Fort Worth, Texas – Following a trial before U.S. District Judge Reed O’Connor, two men have been convicted for their role in an extortion and kidnapping scheme that occurred in Fort Worth in October 2017, announced Erin Nealy Cox, U.S. Attorney for the Northern District of Texas.

Nygul Anderson, 19, and Albert Gonzalez, 18, were each convicted of one count of a conspiracy to use an interstate facility to commit a travel act violation.  Currently, they each face a maximum penalty of five years in prison and a fine of $250,000.  Judge O’Connor reserved ruling on the two remaining counts, following the one-day bench trial. 

According to the evidence presented at trial and the documents filed in this case, on September 22, 2017, a victim began receiving threatening calls from an unrecognizable Mexican telephone number.  The caller stated he had kidnapped the victim’s two brothers in Rioverde, San Luis Potosi, Mexico and demanded $300,000 or they would be killed.  The next day the ransom demand was lowered to $40,000 and then again to $20,000.  Instructions were given to deliver the money, once the money was delivered the caller disclosed the location of the brothers and they were found tied up in a motel room in Rioverde, San Luis Potosi, Mexico. 

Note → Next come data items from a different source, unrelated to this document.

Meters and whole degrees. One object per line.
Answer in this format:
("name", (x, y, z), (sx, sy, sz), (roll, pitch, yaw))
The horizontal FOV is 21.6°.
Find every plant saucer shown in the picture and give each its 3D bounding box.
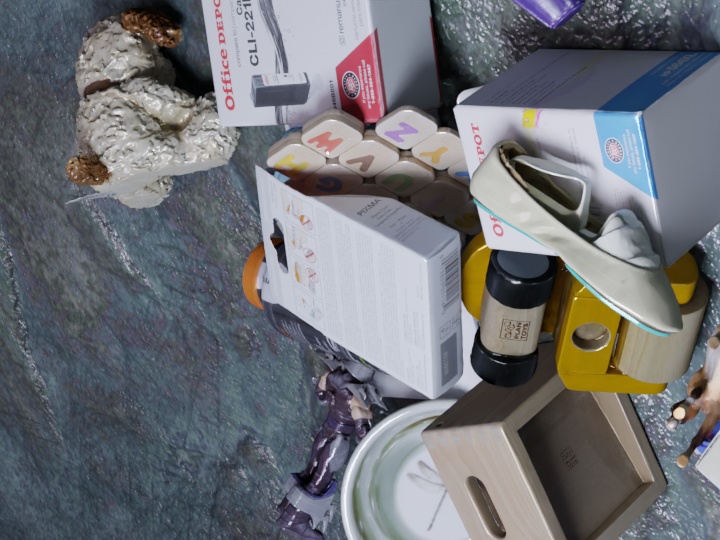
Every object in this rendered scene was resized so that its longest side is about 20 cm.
("plant saucer", (0.081, 0.216, 1.803), (0.199, 0.050, 0.201), (0, 99, 1))

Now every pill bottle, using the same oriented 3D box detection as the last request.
("pill bottle", (-0.020, 0.025, 1.768), (0.199, 0.106, 0.107), (18, 128, 41))

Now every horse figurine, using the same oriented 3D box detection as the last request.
("horse figurine", (0.291, 0.066, 1.499), (0.050, 0.132, 0.201), (28, 117, 14))

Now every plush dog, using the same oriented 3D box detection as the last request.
("plush dog", (-0.231, -0.166, 1.846), (0.200, 0.160, 0.173), (-26, 71, 49))

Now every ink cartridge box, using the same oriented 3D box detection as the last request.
("ink cartridge box", (-0.038, -0.202, 1.628), (0.199, 0.084, 0.145), (2, 105, 43))
("ink cartridge box", (0.178, -0.094, 1.481), (0.199, 0.125, 0.129), (8, 123, 41))
("ink cartridge box", (0.000, 0.000, 1.610), (0.200, 0.047, 0.161), (30, 142, 33))

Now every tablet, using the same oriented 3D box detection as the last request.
("tablet", (0.044, 0.068, 1.819), (0.199, 0.014, 0.131), (0, 116, 45))

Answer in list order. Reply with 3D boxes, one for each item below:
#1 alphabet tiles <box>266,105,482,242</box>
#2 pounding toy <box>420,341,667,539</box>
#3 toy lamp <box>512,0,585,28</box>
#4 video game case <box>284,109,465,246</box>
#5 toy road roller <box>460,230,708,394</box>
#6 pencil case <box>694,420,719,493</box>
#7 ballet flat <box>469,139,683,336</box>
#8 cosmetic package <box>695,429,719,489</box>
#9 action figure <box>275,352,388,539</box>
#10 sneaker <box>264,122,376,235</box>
("alphabet tiles", (0.023, -0.073, 1.615), (0.199, 0.015, 0.195), (27, 144, -30))
("pounding toy", (0.150, 0.194, 1.667), (0.142, 0.184, 0.201), (-11, 109, 48))
("toy lamp", (0.102, -0.277, 1.483), (0.200, 0.058, 0.058), (51, 141, 3))
("video game case", (0.002, -0.118, 1.721), (0.182, 0.023, 0.201), (10, 123, 41))
("toy road roller", (0.182, 0.010, 1.581), (0.199, 0.146, 0.123), (6, 131, -2))
("pencil case", (0.340, 0.201, 1.564), (0.087, 0.078, 0.201), (-15, 106, 31))
("ballet flat", (0.166, -0.030, 1.396), (0.200, 0.069, 0.070), (37, 138, 21))
("cosmetic package", (0.348, 0.107, 1.395), (0.103, 0.200, 0.073), (42, 139, 16))
("action figure", (-0.023, 0.163, 1.860), (0.201, 0.069, 0.130), (-66, 24, 14))
("sneaker", (-0.037, -0.098, 1.701), (0.082, 0.074, 0.200), (53, 139, -1))

On September 29, 2017, the same victim received another call from the same Mexican telephone number demanding an additional $100,000 or else they would kidnap the brothers again and kill them.  The deadline for the second ransom drop was Friday, October 13, 2017. 

On October 13, 2017, the kidnappers in Mexico and the victim agreed to a location at a Home Depot in Fort Worth for the money drop.  At approximately 4:30 p.m., a controlled money drop was made at the agreed upon meeting location. 

Shortly thereafter, four individuals – Anderson, Gonzalez, Fernando Cabrera (who previously pled guilty), and a 17 year-old minor – were arrested as they attempted to collect the ransom money.

During trial, the government proved that these four individuals believed that they were collecting $20,000 in unlawful proceeds.  The four conspirators had met in McAllen, Texas, and then drove to Houston, then to Dallas, and then to Fort Worth in an attempt to collect the money.  These four conspirators communicated with other conspirators in Mexico during the trip about the location of the money pick, the amount of money to be retrieved, and precautions that should be taken to avoid detection.  

The FBI and the North Richland Hills Police Department investigated the case.  Assistant U.S. Attorneys P.J. Meitl and Chris Wolfe prosecuted.